Required work:
Find every line below with the word "number" in it, and copy each one.

Supplied data:
++++++
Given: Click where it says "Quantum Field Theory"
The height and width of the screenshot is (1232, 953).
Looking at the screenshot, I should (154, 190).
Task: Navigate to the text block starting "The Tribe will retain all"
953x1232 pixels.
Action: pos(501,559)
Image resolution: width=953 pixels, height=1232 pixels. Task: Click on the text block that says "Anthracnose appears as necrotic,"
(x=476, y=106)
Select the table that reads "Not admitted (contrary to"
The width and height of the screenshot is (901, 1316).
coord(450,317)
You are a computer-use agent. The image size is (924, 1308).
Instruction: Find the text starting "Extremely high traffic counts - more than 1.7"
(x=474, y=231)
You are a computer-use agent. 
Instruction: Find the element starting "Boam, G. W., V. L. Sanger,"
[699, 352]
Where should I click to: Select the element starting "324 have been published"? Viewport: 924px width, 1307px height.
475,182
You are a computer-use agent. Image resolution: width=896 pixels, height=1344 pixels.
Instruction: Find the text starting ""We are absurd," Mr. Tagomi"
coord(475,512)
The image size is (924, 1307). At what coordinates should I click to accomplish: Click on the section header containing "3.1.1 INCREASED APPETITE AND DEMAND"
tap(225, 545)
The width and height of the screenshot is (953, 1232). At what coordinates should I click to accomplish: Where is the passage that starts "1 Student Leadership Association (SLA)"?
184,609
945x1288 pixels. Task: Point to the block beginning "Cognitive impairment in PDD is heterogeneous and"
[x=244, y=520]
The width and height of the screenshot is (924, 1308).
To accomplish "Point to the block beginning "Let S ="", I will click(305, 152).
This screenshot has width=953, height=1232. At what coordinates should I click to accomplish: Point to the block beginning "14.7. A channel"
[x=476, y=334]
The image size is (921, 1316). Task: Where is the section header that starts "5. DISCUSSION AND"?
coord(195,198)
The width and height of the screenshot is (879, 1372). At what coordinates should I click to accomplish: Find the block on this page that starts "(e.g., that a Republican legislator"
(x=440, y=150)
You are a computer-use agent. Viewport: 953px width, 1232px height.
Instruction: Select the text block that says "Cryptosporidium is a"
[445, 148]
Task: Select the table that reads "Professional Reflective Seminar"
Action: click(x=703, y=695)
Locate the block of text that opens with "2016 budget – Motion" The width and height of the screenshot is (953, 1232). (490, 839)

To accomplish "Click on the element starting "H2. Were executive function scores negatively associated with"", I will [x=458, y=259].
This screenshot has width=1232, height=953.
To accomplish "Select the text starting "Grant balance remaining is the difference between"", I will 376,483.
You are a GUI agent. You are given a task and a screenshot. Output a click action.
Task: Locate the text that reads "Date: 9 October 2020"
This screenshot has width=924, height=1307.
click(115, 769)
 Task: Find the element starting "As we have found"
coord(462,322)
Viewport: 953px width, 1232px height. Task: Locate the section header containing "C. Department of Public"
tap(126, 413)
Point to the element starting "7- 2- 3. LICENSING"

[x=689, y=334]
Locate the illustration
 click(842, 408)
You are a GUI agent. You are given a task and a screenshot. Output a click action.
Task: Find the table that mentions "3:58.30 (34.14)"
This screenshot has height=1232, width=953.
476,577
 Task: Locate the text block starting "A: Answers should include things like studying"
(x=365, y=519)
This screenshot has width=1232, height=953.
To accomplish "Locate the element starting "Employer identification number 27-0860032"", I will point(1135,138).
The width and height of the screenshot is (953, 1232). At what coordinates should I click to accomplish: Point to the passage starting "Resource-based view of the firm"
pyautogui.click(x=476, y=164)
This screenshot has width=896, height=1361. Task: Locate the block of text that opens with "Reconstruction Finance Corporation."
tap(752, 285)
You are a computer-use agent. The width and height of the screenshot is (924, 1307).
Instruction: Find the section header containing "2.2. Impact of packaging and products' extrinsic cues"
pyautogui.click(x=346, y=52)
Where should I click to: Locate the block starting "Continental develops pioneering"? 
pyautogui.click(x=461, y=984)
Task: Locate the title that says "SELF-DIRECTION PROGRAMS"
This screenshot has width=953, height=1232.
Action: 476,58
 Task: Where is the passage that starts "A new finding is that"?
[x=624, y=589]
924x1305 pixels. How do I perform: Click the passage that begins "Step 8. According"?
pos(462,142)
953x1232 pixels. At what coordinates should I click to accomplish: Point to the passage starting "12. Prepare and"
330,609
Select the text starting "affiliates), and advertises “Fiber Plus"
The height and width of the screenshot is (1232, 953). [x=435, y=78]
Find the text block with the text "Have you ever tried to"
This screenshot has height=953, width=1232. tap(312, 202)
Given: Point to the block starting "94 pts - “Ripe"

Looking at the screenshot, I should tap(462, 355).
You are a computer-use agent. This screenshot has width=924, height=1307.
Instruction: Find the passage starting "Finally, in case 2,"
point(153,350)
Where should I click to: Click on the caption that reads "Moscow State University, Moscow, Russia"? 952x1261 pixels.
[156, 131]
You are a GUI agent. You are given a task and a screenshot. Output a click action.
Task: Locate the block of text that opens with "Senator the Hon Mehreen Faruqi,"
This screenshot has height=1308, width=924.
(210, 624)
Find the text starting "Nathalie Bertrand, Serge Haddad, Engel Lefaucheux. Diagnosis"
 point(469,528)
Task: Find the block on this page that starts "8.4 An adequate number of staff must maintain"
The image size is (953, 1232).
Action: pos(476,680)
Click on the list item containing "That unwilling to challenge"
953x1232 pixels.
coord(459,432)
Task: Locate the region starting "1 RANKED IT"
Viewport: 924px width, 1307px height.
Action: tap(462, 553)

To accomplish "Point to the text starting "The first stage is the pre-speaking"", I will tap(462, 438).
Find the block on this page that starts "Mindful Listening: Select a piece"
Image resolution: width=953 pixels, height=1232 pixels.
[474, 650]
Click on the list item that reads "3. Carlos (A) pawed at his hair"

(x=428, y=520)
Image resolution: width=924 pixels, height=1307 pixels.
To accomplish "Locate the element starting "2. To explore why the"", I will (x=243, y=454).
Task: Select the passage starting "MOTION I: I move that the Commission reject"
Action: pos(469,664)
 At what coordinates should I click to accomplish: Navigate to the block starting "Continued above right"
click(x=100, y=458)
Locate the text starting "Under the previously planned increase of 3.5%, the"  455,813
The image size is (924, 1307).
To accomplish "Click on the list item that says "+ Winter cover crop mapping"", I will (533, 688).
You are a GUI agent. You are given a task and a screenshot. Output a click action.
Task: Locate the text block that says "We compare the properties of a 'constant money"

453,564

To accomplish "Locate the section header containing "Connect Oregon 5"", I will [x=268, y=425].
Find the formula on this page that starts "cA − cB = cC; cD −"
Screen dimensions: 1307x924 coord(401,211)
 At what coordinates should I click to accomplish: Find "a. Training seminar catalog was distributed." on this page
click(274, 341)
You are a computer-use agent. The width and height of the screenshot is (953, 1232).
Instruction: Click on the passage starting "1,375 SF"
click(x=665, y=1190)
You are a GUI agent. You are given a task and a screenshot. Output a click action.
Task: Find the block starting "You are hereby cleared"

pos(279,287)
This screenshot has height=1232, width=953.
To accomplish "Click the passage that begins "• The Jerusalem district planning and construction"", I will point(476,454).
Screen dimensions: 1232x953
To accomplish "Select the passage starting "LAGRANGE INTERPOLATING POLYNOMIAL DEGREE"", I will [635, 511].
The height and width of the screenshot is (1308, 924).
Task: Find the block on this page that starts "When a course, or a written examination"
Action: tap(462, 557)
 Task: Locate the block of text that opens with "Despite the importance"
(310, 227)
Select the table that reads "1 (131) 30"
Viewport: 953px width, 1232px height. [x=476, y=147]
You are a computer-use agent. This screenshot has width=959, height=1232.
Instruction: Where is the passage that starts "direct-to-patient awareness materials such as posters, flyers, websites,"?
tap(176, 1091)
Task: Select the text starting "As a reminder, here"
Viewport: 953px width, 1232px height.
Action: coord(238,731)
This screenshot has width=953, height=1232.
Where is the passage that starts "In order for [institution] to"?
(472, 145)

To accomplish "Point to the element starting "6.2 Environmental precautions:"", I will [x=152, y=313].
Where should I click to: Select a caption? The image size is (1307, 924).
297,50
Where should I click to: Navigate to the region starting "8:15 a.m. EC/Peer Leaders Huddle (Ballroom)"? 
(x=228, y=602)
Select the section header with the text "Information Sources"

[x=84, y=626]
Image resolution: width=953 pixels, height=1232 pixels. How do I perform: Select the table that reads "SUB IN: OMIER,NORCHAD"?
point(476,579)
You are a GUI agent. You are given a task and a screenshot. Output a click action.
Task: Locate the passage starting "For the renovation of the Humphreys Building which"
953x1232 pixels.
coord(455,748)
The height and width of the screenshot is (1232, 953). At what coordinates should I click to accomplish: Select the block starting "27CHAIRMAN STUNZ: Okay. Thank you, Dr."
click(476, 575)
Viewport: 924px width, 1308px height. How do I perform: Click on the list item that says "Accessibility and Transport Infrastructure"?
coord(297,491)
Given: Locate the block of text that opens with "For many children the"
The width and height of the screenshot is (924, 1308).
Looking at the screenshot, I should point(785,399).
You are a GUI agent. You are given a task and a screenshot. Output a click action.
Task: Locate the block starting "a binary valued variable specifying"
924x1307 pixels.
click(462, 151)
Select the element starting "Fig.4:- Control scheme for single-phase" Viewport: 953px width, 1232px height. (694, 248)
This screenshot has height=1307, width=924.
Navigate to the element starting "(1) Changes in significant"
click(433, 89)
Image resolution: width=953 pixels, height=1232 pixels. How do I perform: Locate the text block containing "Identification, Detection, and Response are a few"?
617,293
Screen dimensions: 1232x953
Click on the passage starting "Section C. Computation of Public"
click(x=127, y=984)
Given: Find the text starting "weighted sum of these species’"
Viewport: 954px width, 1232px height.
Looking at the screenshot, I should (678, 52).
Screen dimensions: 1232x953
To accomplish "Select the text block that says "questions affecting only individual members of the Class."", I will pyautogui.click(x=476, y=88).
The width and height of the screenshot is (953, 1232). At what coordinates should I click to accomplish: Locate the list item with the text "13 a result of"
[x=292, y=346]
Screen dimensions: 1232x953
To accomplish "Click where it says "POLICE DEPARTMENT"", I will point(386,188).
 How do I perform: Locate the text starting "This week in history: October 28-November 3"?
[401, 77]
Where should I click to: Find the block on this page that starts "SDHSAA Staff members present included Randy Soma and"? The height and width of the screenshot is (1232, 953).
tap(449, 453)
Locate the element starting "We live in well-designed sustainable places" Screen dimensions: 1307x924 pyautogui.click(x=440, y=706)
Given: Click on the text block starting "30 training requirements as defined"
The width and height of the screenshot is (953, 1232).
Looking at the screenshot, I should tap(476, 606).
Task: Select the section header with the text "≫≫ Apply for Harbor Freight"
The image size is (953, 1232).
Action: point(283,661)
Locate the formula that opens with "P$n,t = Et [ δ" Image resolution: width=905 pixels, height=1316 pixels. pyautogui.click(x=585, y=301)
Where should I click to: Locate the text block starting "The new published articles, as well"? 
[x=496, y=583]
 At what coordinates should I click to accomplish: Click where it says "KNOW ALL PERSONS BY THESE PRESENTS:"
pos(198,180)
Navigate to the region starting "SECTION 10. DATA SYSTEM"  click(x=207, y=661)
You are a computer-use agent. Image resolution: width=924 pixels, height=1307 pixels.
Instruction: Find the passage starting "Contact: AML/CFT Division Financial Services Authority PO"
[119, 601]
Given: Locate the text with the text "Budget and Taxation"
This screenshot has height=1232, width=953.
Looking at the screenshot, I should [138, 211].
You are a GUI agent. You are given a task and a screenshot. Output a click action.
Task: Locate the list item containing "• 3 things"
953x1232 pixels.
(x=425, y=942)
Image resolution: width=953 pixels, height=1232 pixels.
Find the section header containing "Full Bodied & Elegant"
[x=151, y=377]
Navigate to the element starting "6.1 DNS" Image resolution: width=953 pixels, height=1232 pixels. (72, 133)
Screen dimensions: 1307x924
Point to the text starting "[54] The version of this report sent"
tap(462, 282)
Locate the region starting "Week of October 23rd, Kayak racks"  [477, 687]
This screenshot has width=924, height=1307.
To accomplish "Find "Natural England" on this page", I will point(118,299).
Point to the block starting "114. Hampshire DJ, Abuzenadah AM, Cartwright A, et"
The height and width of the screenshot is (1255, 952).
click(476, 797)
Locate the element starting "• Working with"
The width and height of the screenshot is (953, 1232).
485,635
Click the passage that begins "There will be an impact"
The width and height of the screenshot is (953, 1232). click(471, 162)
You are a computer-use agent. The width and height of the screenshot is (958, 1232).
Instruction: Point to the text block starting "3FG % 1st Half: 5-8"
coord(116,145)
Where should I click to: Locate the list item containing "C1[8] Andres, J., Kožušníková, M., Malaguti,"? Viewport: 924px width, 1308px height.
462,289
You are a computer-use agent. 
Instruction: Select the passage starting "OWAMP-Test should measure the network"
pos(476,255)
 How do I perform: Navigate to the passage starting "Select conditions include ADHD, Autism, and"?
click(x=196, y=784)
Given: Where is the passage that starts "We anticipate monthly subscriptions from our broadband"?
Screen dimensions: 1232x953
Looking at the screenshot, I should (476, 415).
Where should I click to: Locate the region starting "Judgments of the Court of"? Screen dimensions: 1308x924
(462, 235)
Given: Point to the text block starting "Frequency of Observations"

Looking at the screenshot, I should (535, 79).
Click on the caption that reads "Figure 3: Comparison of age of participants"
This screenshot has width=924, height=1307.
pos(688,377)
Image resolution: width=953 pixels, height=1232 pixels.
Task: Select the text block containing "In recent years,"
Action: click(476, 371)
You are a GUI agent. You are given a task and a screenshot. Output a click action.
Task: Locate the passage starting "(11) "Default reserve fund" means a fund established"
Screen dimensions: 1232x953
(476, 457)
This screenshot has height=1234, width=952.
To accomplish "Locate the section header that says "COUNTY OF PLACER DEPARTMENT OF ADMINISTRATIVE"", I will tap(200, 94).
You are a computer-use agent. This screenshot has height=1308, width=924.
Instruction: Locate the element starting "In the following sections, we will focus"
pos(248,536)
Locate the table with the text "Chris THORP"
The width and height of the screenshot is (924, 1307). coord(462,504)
++++++
Answer to this problem:
To accomplish "Locate the element starting "Employer identification number 27-0860032"", I will point(1135,138).
Task: Find the block on this page that starts "8.4 An adequate number of staff must maintain"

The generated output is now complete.